About this task. Could the data below be retyped exactly, without its pictures?

[Opening Supplied data section]

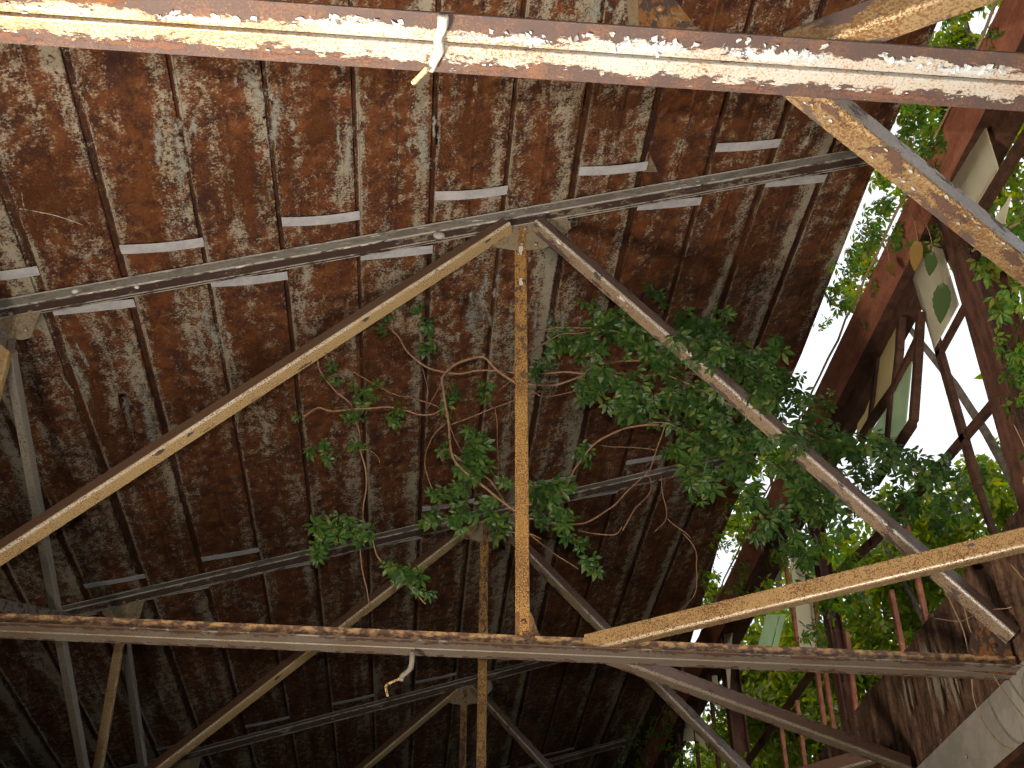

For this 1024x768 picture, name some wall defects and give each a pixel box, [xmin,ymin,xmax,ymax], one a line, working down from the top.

corrosion [62,32,187,51]
corrosion [242,49,381,64]
peeling [292,14,410,36]
corrosion [467,64,529,72]
peeling [457,0,700,58]
peeling [723,37,834,66]
peeling [879,52,1007,77]
corrosion [803,88,963,127]
corrosion [858,145,920,191]
corrosion [929,190,980,228]
corrosion [996,242,1024,272]
corrosion [67,366,139,463]

[Closing Supplied data section]

Answer to the problem.
For this 1024x768 picture, name some wall defects and give each a pixel box, [xmin,ymin,xmax,ymax], one a line, working down from the top.

corrosion [62,32,187,51]
corrosion [242,49,381,64]
peeling [292,14,410,36]
corrosion [467,64,529,72]
peeling [457,0,700,58]
peeling [723,37,834,66]
peeling [879,52,1007,77]
corrosion [803,88,963,127]
corrosion [858,145,920,191]
corrosion [929,190,980,228]
corrosion [996,242,1024,272]
corrosion [67,366,139,463]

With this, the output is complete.